Stafford: Yes. Don and Gody, who work most closely with data, do that a lot, Don, primarily on the met station. Did you meet Fred Bierlmaier when you were 01:50:00down there? He has scraped up a local area network for the met stations. He can get downloaded on the web in almost real time with some delay, the flows. So, when we were having these flood events, we could get on the web and we could see that it was about to happen. Don has been out there a lot. So yes, Don, who I see as being in charge of the wet data, and Gody, who's in charge of the dry data for the field plots, get field experience. Gody actually has a Ph.D. in soils, and has worked on the Andrews. Don has a Master's in Statistics from Oregon State, so they have a grounding. I like going out on field trips, because when you're lecturing, it gives you a better sense of how to develop a context for these examples that you want to give.

Geier: I was also curious, you've been talking quite a bit about your concern 01:51:00for remaining visible, and you mentioned students quite a bit in your discussion here, which is actually unusual from some of the people I've talked to in Forest Science. I was curious first of all how often students are involved in that early level of coordinating data management with data collection.

Stafford: Through all students who take my class, and this is a chapter in the book, so they get a dose of it. Now, if I'm not on their committee, or I'm not part of their advisory group, I can't make sure that they do the right thing. But it's not for lack of having been told that these are things that should be attended to. So, it's interesting that this session was more student-oriented.

Geier: Well, some people have told me that one thing they don't like about the 01:52:00groups is the lack of opportunity to teach. People like to talk to the students; it just depends on the person, I guess.

Stafford: I don't think that's LTER. I think that's because we are a graduate-level department. A lot of times people are talking about teaching at the undergraduate level. The number of courses taught at the graduate level is smaller, but that's a fine comment for someone to make. But they need to be asking themselves, have they sat down and put together a course syllabus and then trotted it past Logan [Norris - department chair] and said, "Can I run this as an experimental course?" That's how this class got started.

Geier: Oh, really? When did you start teaching this class? You might have mentioned it before.

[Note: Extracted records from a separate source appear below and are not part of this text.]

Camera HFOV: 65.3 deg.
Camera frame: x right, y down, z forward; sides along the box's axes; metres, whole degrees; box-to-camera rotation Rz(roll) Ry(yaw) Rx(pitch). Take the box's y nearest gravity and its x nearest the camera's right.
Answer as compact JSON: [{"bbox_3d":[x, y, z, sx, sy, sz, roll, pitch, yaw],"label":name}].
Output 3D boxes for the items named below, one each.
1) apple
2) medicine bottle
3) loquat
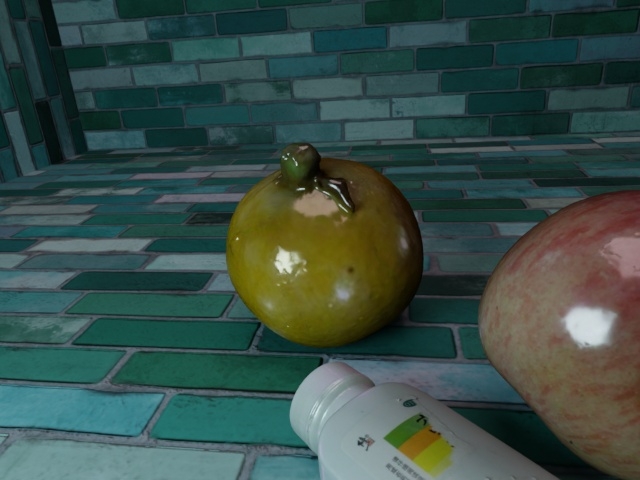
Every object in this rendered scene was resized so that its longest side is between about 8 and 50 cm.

Stafford: No. I started it probably in '80, the first year I was here. When I first came out I was teaching the Forest Engineering Institute program. It was 01:53:00six weeks in statistics and operations research. And then, a year or two later, '81, somewhere in there, early '80s, we got started. The class size was six, seven, eight. Now, we have 40-50 students, which is too many. (Laughter)

Geier: I believe that.

Stafford: So -- [pause].

Geier: I want to ask about your role as a university professor working with this interagency group. Much of the work involves short-term funding. What are the advantages and disadvantages for a faculty member in that kind of situation?

01:54:00

Stafford: The advantage of having it short-term is that, if you're on the wrong 01:55:00track, you're not on it for very long. It gives you an opportunity to pull the plug on something, if it's not working. That's not usually where we're at, though. Usually we're trying to make something work and we've succeeded with just a little bit of resources, and now we have to leverage it into something else. I think you can complain about it or you can just recognize that that's the way this is, and that in the big scheme of things, we're incredibly fortunate for the amount of resources that do flow our way. And with that comes the recognition and the responsibility to maintain a quality of work, so that, as these resources get tighter and tighter, we're still at the top of the heap. I think that it's no surprise that the Forest Science Department is the top 01:56:00grant getting department in the university, and we have this investment in technological infrastructure that allows the research to be of high quality and statistically sound, processed quickly and managed well.